# Ogre Bulls and Ironguts command, help plz!



## the-graven (Apr 26, 2010)

Ok I'm doubting about command, what command for bulls and for Ironguts, I think banners will help(+1 CR is appreciated since they lack CR), musician for draws and rallying, I don't think I need champions, plz help are banners and musicians worth it.


----------



## Durzod (Nov 24, 2009)

If you've got the points, musicians are a good investment. They break ties and give +1 Ld for rallying.
Standards depend on the size of the unit. If it's a minimum size, probably not as the loss of a standard is +100 VP for the enemy and +1CR probably won't help .
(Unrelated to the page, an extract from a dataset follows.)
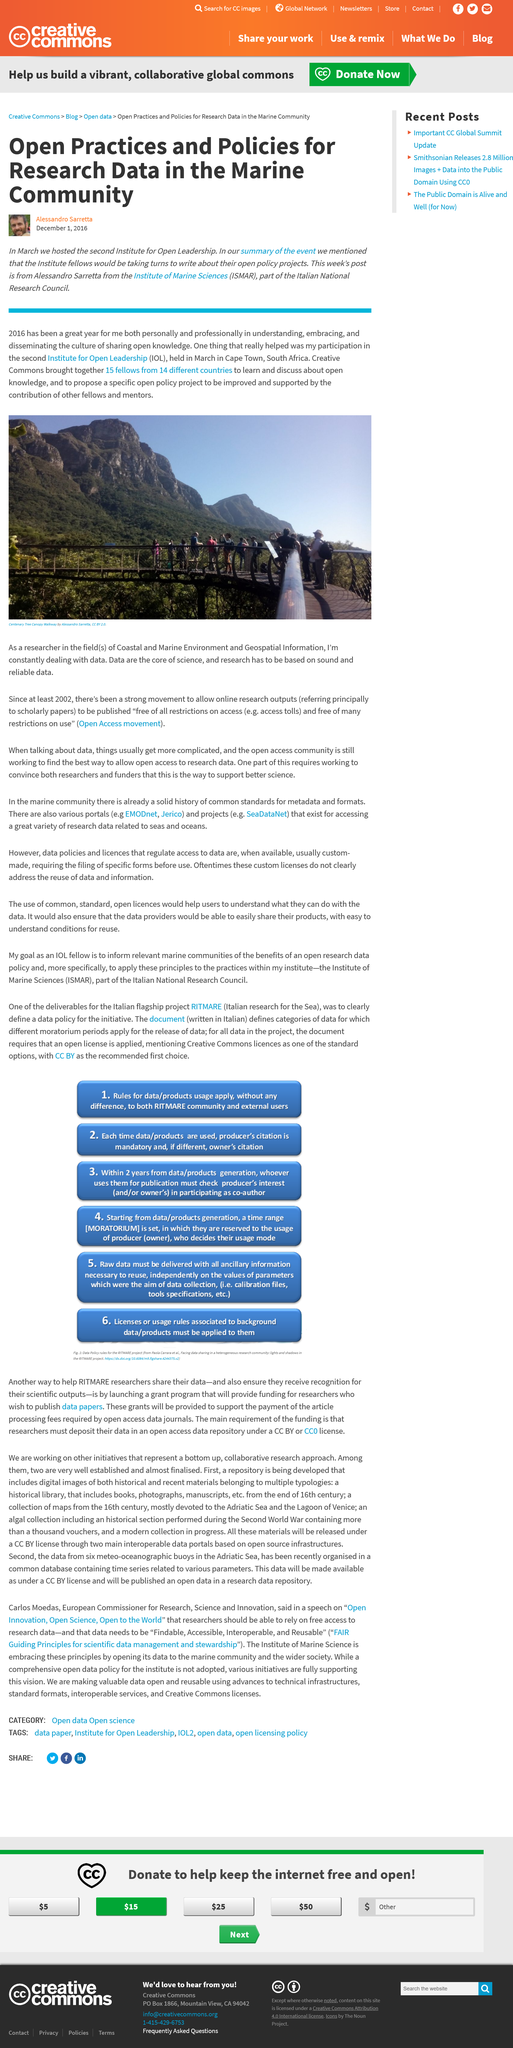Point out several critical features in this image. Alessandro Sarretta is a researcher from the Institute of Marine Sciences. The second Institute for Open Leadership was held in March. The second Institute for Leadership was held in Cape Town, South Africa.

All this is 7th edition. I understand the rules for command models are gonna expand/change in 8th ed, so all this may be just so much hot air. Also I'm not an ogre expert, I've just played against them a bit. But these guidelines apply to pretty much any army at the moment.


----------



## Creon (Mar 5, 2009)

Champions are generally only important when you're losing all your front rank to attacks. Ogres generally don't, so I'd say you should have a banner and a musician, but a champion is iffy. An extra attack is nice, but it's an expensive extra attack. It also allows you to be challenge-proof, as no characters are there. If you add characters to a unit, always have a champion to accept challenges.


----------



## Blueberrypop (Apr 27, 2010)

take the musician if you have the points banner is a NO GO and champion maybe depending if you have a spare 20 pts


----------



## neilbatte (Jan 2, 2008)

Champions are far too expensive for the extra attack the only exception to this is in leadbelcher units as you can alocate them wounds to keep the unit going at full strength.
Battle standards in small units are just free victory point to your opponent, The only battle standard I take is in 1 unit of ironguts so that I can equip the runemaw to protect my lord.
Musicians are best used if you have the points as they can help rally but I will always try and get as many bulls/ ironguts on the table as possible rather than any extra unit buffs or equiptment.
Obviously this could all change next month with the new rules but for 7th these are the basics.


----------